É neste contexto que, em 2025, o regime fiscal do Patent Box ganha destaque em Portugal como uma ferramenta poderosa — ainda que pouco explorada — ao serviço da política fiscal. Previsto no artigo 50.º-A do Código do IRC, este regime permite excluir até 85% dos rendimentos líquidos obtidos com a exploração de determinados ativos de propriedade intelectual da base tributável. Na prática, as empresas pagam imposto apenas sobre os 15% restantes, o que se traduz numa taxa efetiva muito inferior à taxa nominal.
É, sem dúvida, um incentivo fiscal de excelência.
No entanto, como acontece em tantas áreas da fiscalidade portuguesa, o que é excelente na teoria acaba muitas vezes por tropeçar na complexidade da aplicação prática. Este regime aplica-se apenas a patentes registadas, modelos ou desenhos industriais protegidos e software devidamente registado como obra sujeita a direitos de autor. Mas não basta possuir estes ativos: é essencial que estejam registados junto de entidades oficiais, como o INPI [Instituto Nacional da Propriedade Industrial], o EUIPO - Instituto da Propriedade Intelectual da União Europeia, o IGAC [Inspecção-geral das Actividades Culturais] ou a ASSOFT. Além disso, os rendimentos devem resultar de uma exploração comercial efetiva — como contratos de licenciamento ou cessão — e todas as despesas de investigação e desenvolvimento associadas ao ativo têm de estar cuidadosamente identificadas e contabilizadas.
E é justamente aqui que surge uma das principais barreiras à adoção do Patent Box. O seu enquadramento legal exige um nível de formalismo e sofisticação que, na prática, acaba por excluir a maioria das empresas portuguesas.
De acordo com o chamado Modified Nexus Approach, alinhado com as diretrizes da OCDE [Organização para a Cooperação e Desenvolvimento Económico], o benefício fiscal é proporcional ao esforço de I&D realizado pela própria entidade que beneficia do regime. Embora esse critério seja justo do ponto de vista concetual, na prática exige um grau de organização contabilística e jurídica que muitas empresas — sobretudo pequenas e médias — ainda não conseguem garantir.

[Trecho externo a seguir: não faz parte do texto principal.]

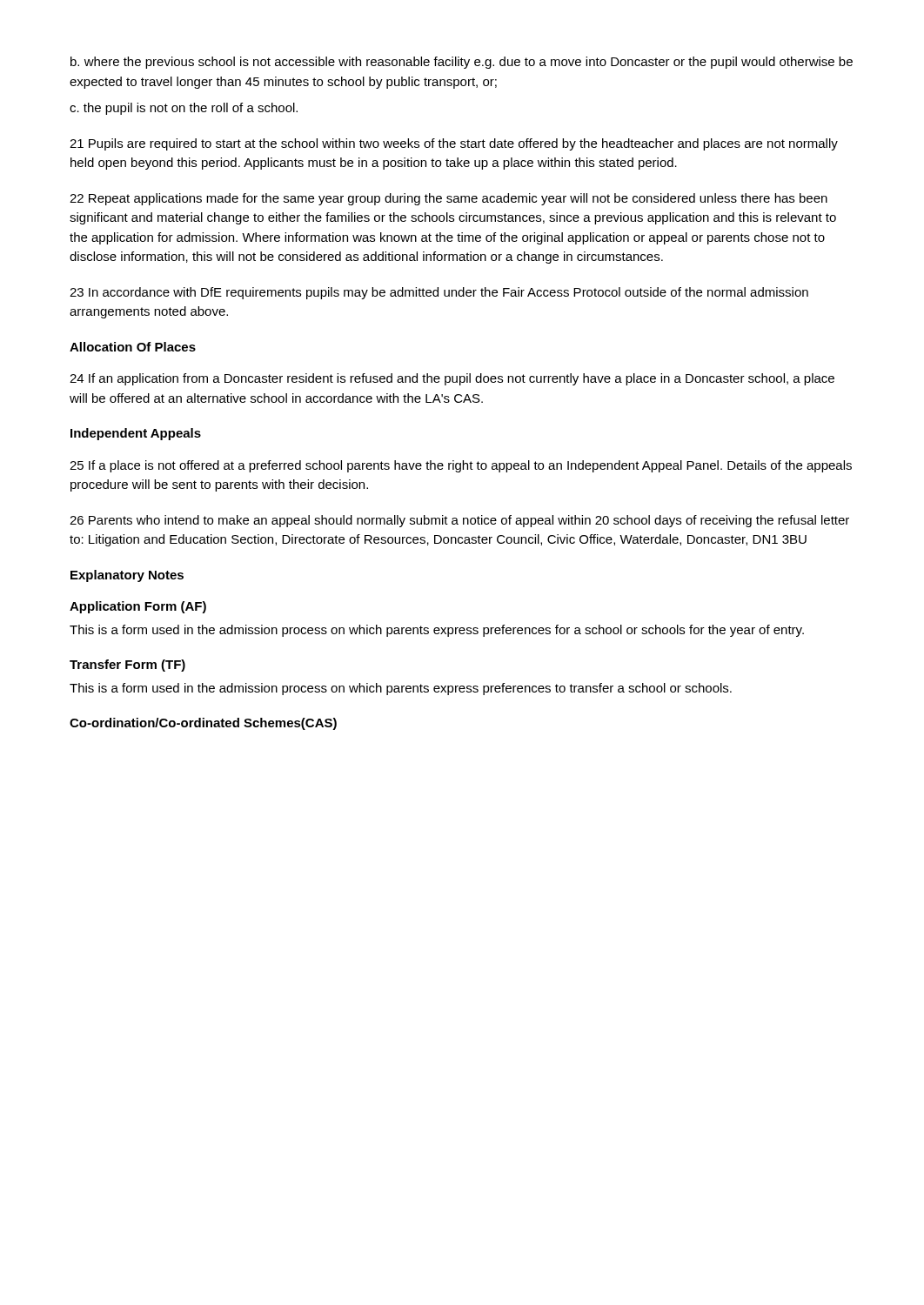Click on the text block that says "23 In accordance with DfE"

(x=439, y=301)

Ora, em Portugal, 99% do tecido empresarial é composto por PME [pequenas e médias empresas]. Apesar da sua capacidade de inovação e resiliência, a verdade é que a maioria destas empresas não tem os seus ativos de propriedade intelectual protegidos ou sequer registados. Seja por falta de conhecimento, recursos ou estratégia, muitas inovações feitas em solo nacional não estão legalmente salvaguardadas — o que impede as empresas de sequer considerar o aproveitamento do Patent Box.
O resultado é um paradoxo difícil de ignorar: temos à disposição um benefício fiscal moderno, com potencial para transformar conhecimento em vantagem competitiva, mas que está, na prática, fora do alcance de quem mais poderia beneficiar dele. É inegável que o Patent Box representa uma oportunidade concreta para empresas tecnológicas, centros de I&D, startups e criadores de software — desde que cumpram os requisitos. Porém, a sua aplicação exige uma abordagem multidisciplinar e integrada - que envolva componentes jurídicas, fiscais, contabilísticas e estratégicas - algo que ainda está longe de ser uma realidade generalizada no tecido empresarial português.
Portugal não se pode dar ao luxo de manter este regime na prateleira. Ignorá-lo é desperdiçar uma ferramenta eficaz, legítima e alinhada com as melhores práticas internacionais. Mas mais preocupante do que ignorar o Patent Box é mantê-lo inacessível à maioria. Num momento em que o país atravessa possíveis mudanças no seu rumo político, é fundamental que o próximo Governo vá mais além: que não se limite a manter regimes como este, mas que trabalhe para democratizar o acesso à proteção da propriedade intelectual — através de apoios concretos ao registo, simplificação dos incentivos fiscais e programas de capacitação específicos para PME.
Só assim será possível fazer do Patent Box uma verdadeira alavanca de crescimento económico, inovação e internacionalização. O conhecimento é o novo petróleo. Mas, ao contrário do petróleo, não basta encontrá-lo – é preciso saber extraí-lo, refiná-lo e protegê-lo.